START The data
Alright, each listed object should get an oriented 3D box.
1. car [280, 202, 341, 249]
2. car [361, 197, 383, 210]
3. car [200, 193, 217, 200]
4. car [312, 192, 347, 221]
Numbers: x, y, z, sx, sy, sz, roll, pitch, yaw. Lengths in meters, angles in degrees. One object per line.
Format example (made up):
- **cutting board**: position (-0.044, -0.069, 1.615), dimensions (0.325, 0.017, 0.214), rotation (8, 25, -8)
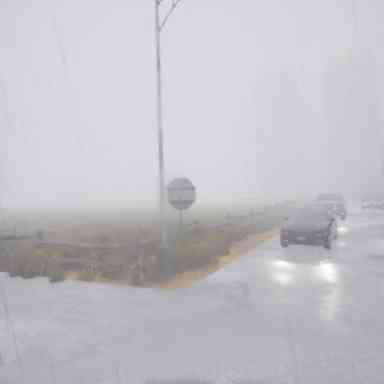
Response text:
- **car**: position (5.205, 1.437, 14.576), dimensions (1.882, 1.535, 5.008), rotation (-2, 0, 27)
- **car**: position (18.635, 1.193, 34.555), dimensions (1.895, 1.301, 4.718), rotation (-2, 0, 26)
- **car**: position (4.368, 1.319, 89.973), dimensions (4.611, 1.667, 2.242), rotation (-2, 0, 25)
- **car**: position (10.768, 1.057, 25.933), dimensions (2.150, 2.045, 5.566), rotation (-2, 0, 25)
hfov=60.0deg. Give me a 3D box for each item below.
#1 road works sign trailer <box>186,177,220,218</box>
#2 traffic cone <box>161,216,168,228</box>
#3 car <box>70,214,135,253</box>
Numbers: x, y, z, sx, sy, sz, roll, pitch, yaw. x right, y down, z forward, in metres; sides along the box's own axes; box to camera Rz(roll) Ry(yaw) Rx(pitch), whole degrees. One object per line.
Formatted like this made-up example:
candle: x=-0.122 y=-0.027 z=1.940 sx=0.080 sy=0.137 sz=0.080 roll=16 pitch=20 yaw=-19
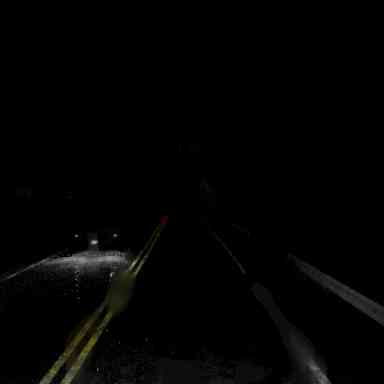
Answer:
road works sign trailer: x=0.952 y=0.467 z=28.039 sx=2.880 sy=2.380 sz=3.560 roll=-35 pitch=8 yaw=32
traffic cone: x=-1.859 y=2.031 z=21.885 sx=0.340 sy=0.580 sz=0.340 roll=0 pitch=0 yaw=-2
car: x=-3.568 y=1.618 z=13.950 sx=1.994 sy=1.385 sz=4.181 roll=0 pitch=0 yaw=-2
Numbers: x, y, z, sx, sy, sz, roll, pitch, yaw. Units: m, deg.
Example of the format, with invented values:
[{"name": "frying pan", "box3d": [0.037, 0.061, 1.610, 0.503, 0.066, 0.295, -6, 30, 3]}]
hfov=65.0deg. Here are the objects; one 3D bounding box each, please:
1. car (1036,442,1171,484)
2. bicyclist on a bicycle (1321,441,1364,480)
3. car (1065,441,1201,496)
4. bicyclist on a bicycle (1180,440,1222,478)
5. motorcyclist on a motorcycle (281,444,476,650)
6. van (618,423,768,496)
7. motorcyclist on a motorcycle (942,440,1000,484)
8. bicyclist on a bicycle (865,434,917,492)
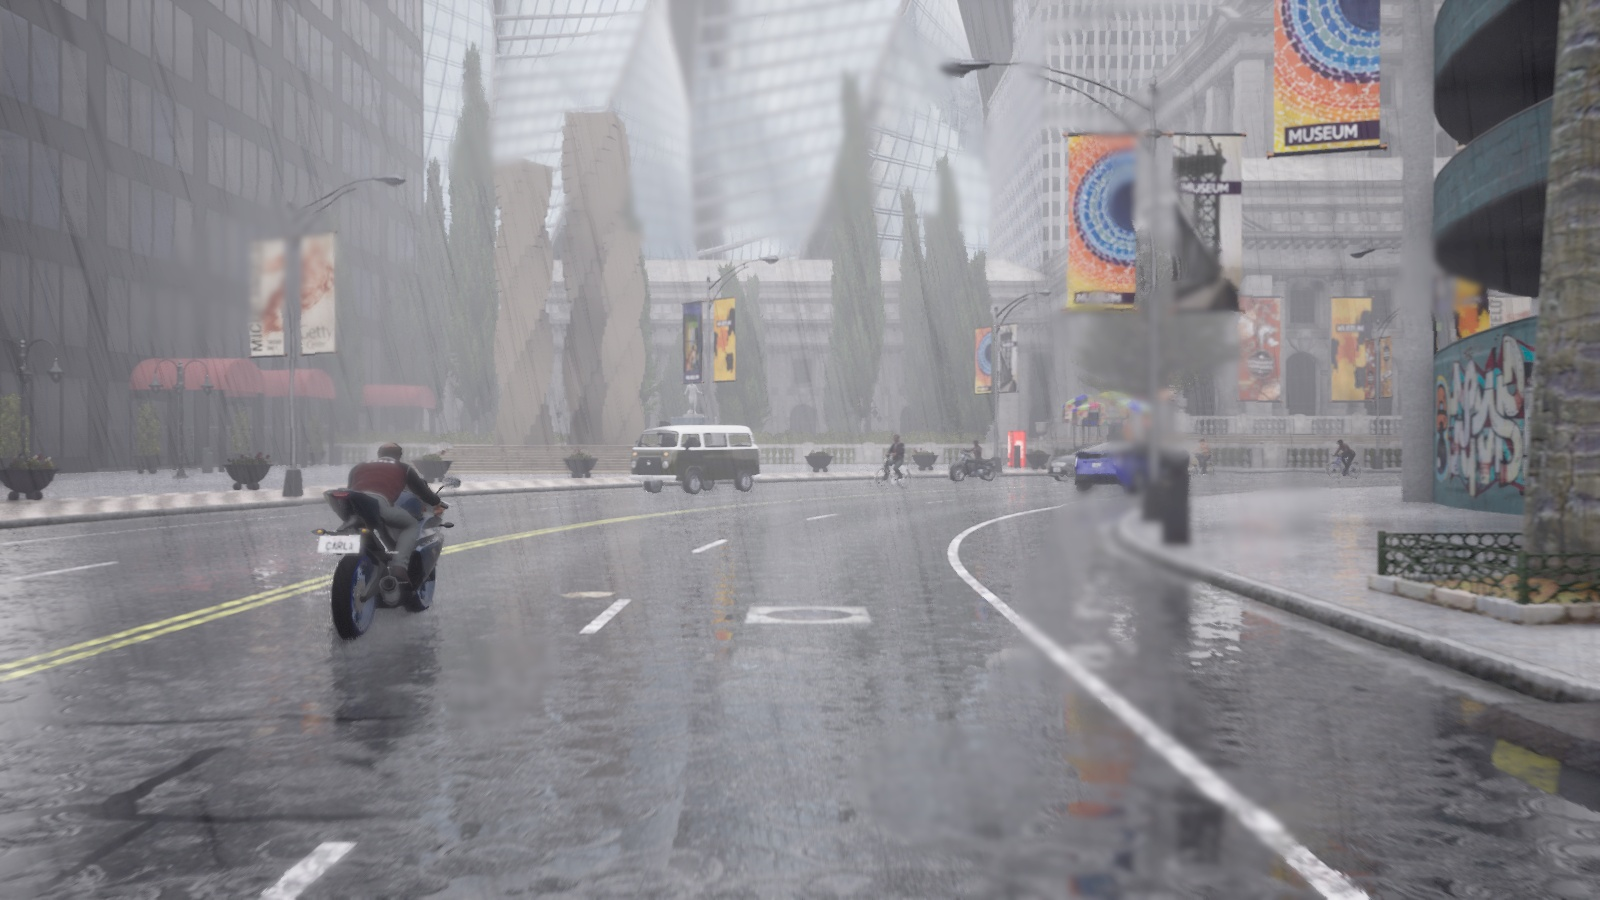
END The data
_Problem_. Filter the records for lines containing the word "bicyclist" and copy each one.

_Problem solution_.
2. bicyclist on a bicycle (1321,441,1364,480)
4. bicyclist on a bicycle (1180,440,1222,478)
8. bicyclist on a bicycle (865,434,917,492)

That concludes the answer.